We want to make sure when the query comes in, we understand what the user is trying to ask. And then we have different kind of solutions for different kind of questions and go through that. So you mentioned about the evaluation. So one quick question. So TurboTax, I'm sure it involves a lot of numbers, the answers.
So how do you verify those numbers in terms of the evaluation? Let's say the actual tax number is 11,235. And if it's something like 11,100. So it's quite difficult to catch this with a manual evaluation. Yes. Yes. Yes. Thank you for the question. So that's the key thing that we work on.
So TurboTax, of course, has a tax knowledge engine that we have built proprietary in-house, managed over the years, built and developed. And that's really what's providing these numbers. The tax profile information is all coming from these numbers. We are not having LLMs do the calculations at all. We're basically using the ground truth that is already existing in our systems as the numbers that we see.
And we have safety guardrails. Maybe this piece here I would probably call out. We have a lot of safety guardrails on what's the raw LLM response. Make sure we are not hallucinating numbers before we send to the user. Got it. So the data is coming from the tax engine itself.
But when you formulate the final explanation, the answer itself. So how do you make sure that the numbers that actually in the final answer are, you know, the same as that's coming from data? So basically, we have ML models that are working under the hood as part of the security aspect that you see here that basically make sure we did not hallucinate any numbers that we built on.
Got it. Yeah. Thank you. Could you give an overview of how you use both just a traditional rack and graph rack, like a hybrid, in your workflow? Sure, sure. And sorry.

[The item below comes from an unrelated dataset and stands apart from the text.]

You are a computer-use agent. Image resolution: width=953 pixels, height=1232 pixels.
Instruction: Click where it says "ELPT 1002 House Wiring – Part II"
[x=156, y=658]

One more question is, now with the new model cloud 4 coming out, do you think the fine tuning might be getting easier where it needs needed?
I'll take the first one. So Graph Rack, I think we've definitely seen better response quality with Graph Rack. Even more than that, though, I think for end user helpfulness, getting personalized answer is the key piece, I would say. Graph Rack definitely outperforms regular Rack. And what even more outperforms is personalizing the answers?

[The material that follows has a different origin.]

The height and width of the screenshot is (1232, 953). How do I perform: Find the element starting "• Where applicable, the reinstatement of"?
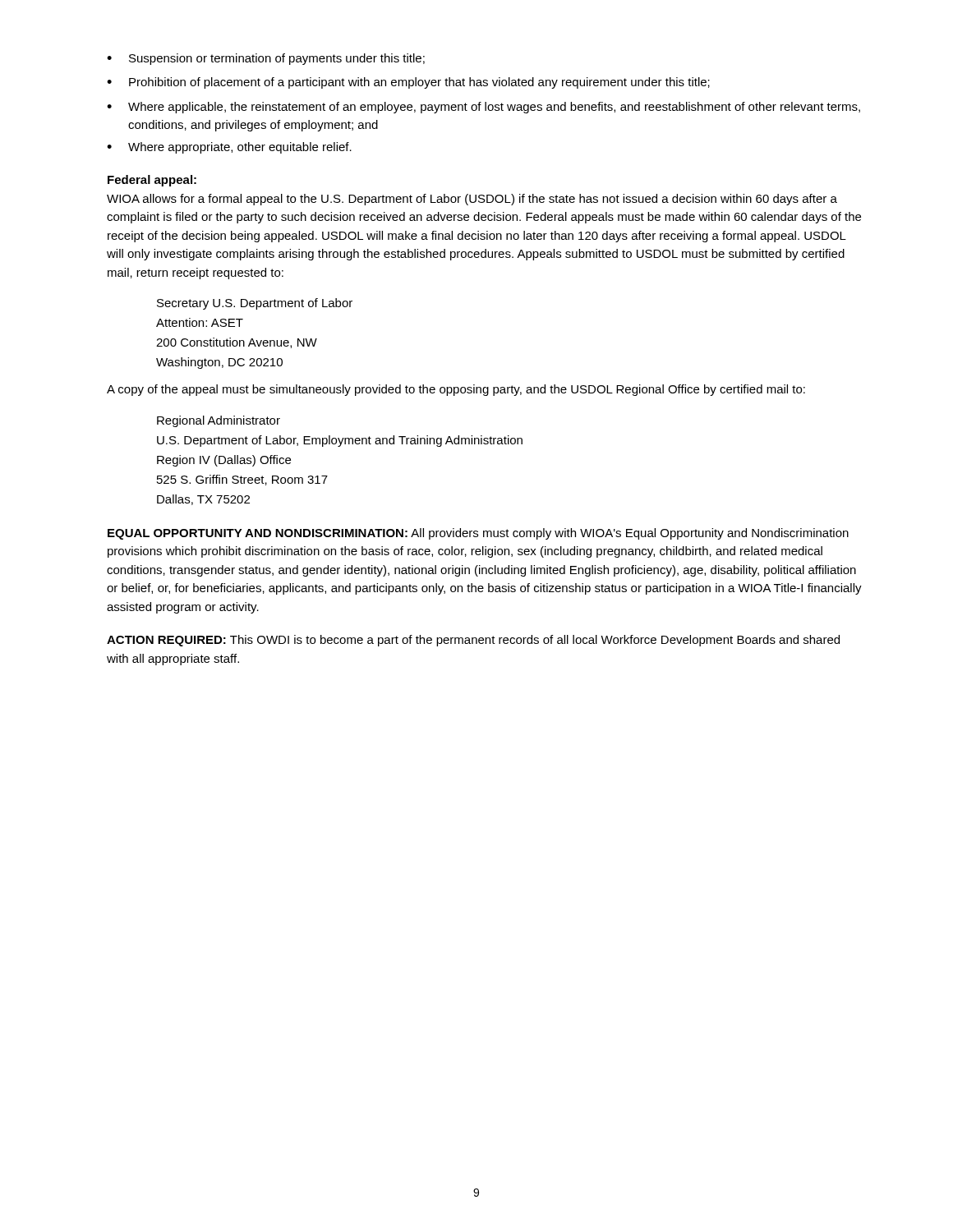pos(485,115)

And to your second question, we are constantly evaluating the models. This is really the time that April is just behind us. We are trying to look at what new things we can do. We also have some in-house models that Intuit trains and develops. So we are constantly evaluating, and I don't have an answer now what we'll do for the next tax year, but yes, we keep working on that.
You mentioned you have different situations, tax situations, and you come up with an answer. So if I describe my situation, it's complicated and it comes up with an answer. Is that answer being generated using the LLM, or is it going back to the tax engine? And how do you explain how you came up with that answer?
And I assume there's going to be a lot of legal challenges to the wrong answers. Right, right, right, absolutely. I mean, Intuit focuses heavily on legal and privacy controls. So, the solution for this one, right, what we worked on here, this is specific, this is more of the static variety of questions.
So once again, what I was saying earlier, the inherent numbers are coming in from tax knowledge engine, and we have tax experts who actually crafted these prompts. So they are specifically tested for each piece that you see here. So, that's basically when we do the evals, we make sure it doesn't happen what you're suggesting.
Okay, great. Thank you. Thank you so much. What a great talk. Thank you.